Instructions to follow: Your answer should consist of each line from the data below that contains "pixels".

[Start of Attachment]

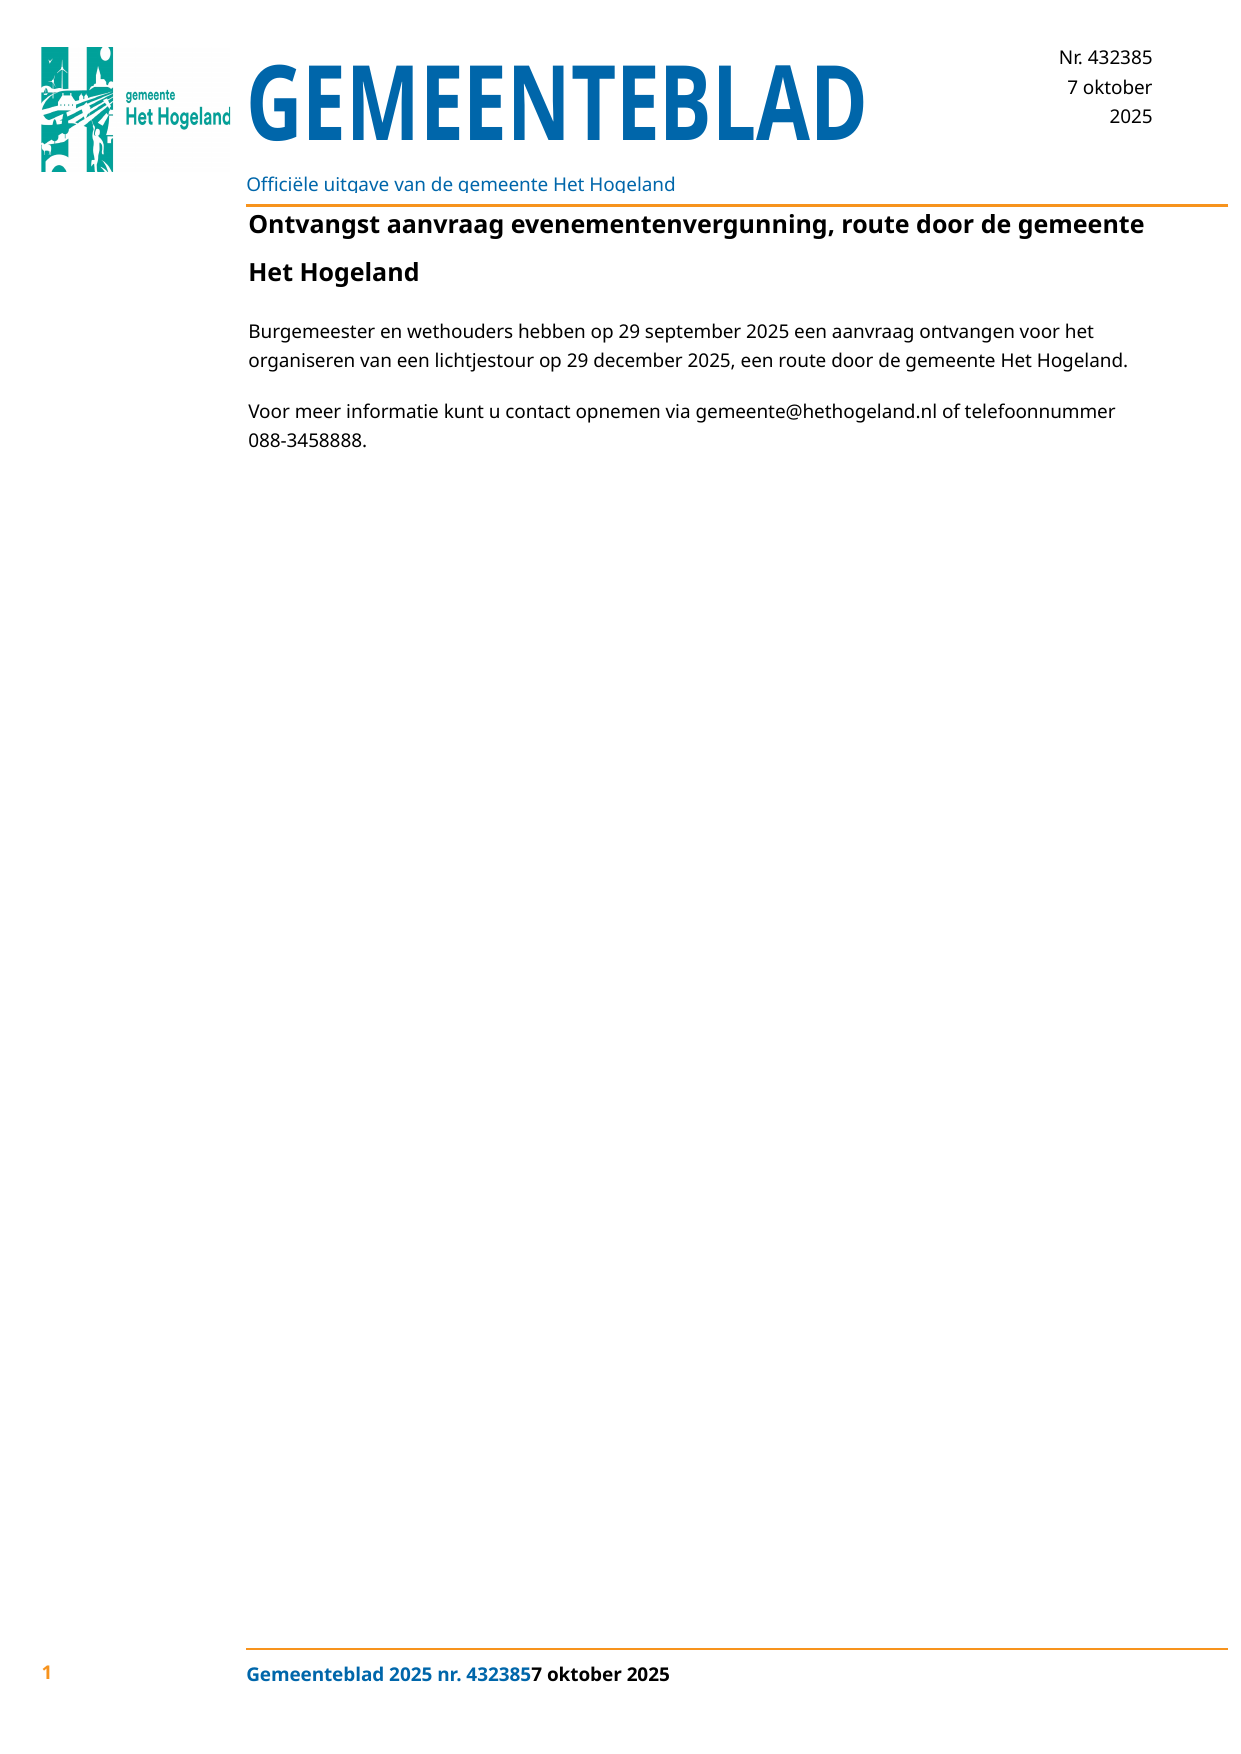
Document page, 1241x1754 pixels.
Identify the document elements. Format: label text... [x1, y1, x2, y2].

text Voor meer informatie kunt u contact opnemen via gemeente@hethogeland.nl of telefoonnummer 088-3458888. [248, 398, 1152, 453]
text Ontvangst aanvraag evenementenvergunning, route door de gemeente Het Hogeland [248, 207, 1152, 288]
picture [41, 47, 231, 172]
text Burgemeester en wethouders hebben op 29 september 2025 een aanvraag ontvangen voor het organiseren van een lichtjestour op 29 december 2025, een route door de gemeente Het Hogeland. [248, 318, 1152, 373]
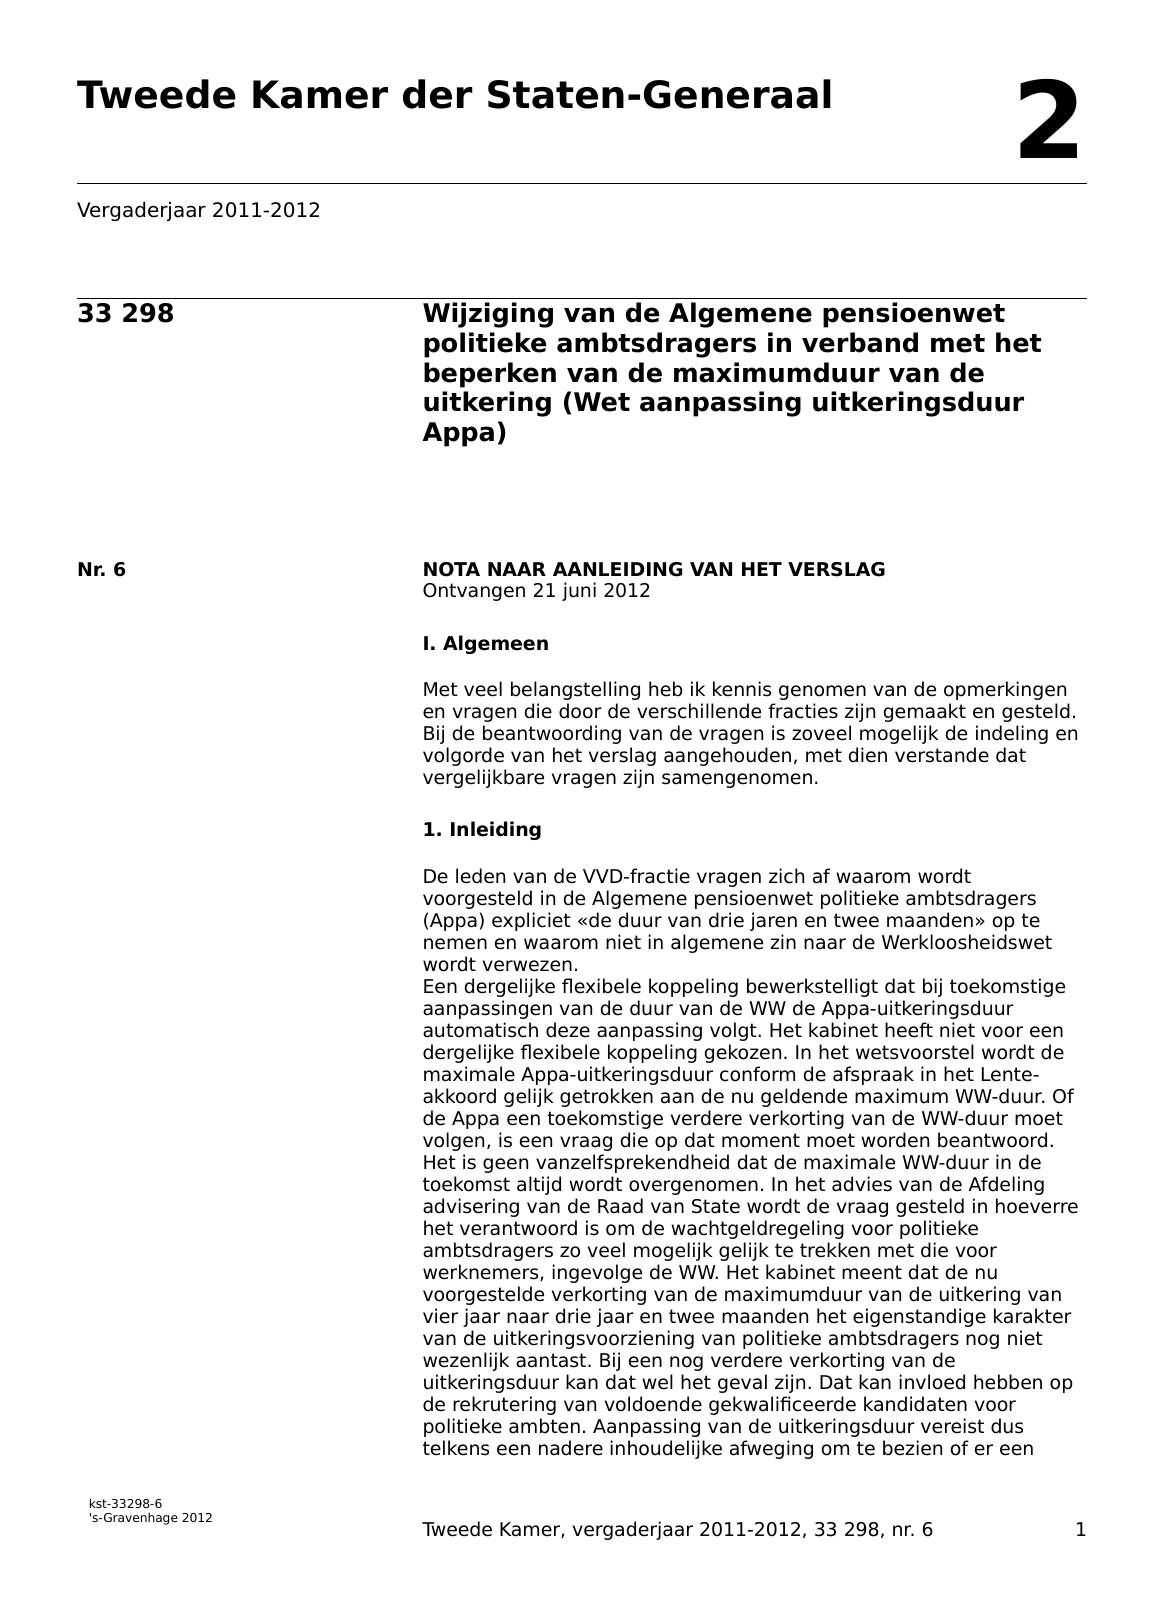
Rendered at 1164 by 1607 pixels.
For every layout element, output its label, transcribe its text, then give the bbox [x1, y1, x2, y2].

[End of Attachment]

Response:
Document page, 1241x1754 pixels.
Rendered at 1164 by 1607 pixels.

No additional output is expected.